»»

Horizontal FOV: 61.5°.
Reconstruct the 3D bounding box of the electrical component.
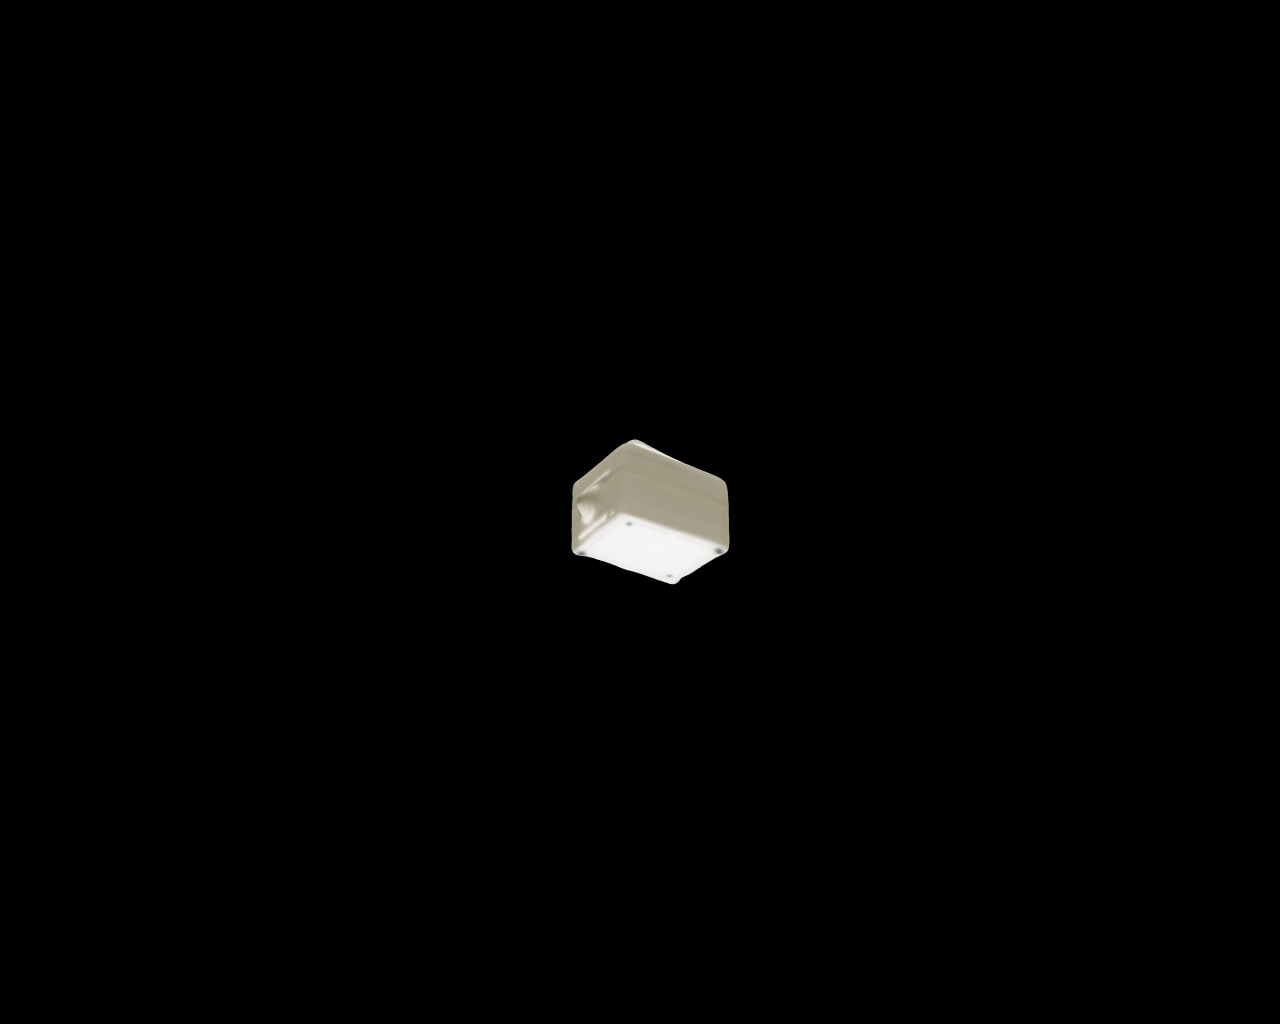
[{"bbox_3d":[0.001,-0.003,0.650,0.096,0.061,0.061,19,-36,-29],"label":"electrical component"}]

««

▸ WORK INSTRUCTIONS
Pictures do not belong in the copy. Repeat exactly each line from the one with "Reconstruct the 3D" through the end of the listing.

▸ WORKED SOLUTION
Reconstruct the 3D bounding box of the electrical component.
[{"bbox_3d":[0.001,-0.003,0.650,0.096,0.061,0.061,19,-36,-29],"label":"electrical component"}]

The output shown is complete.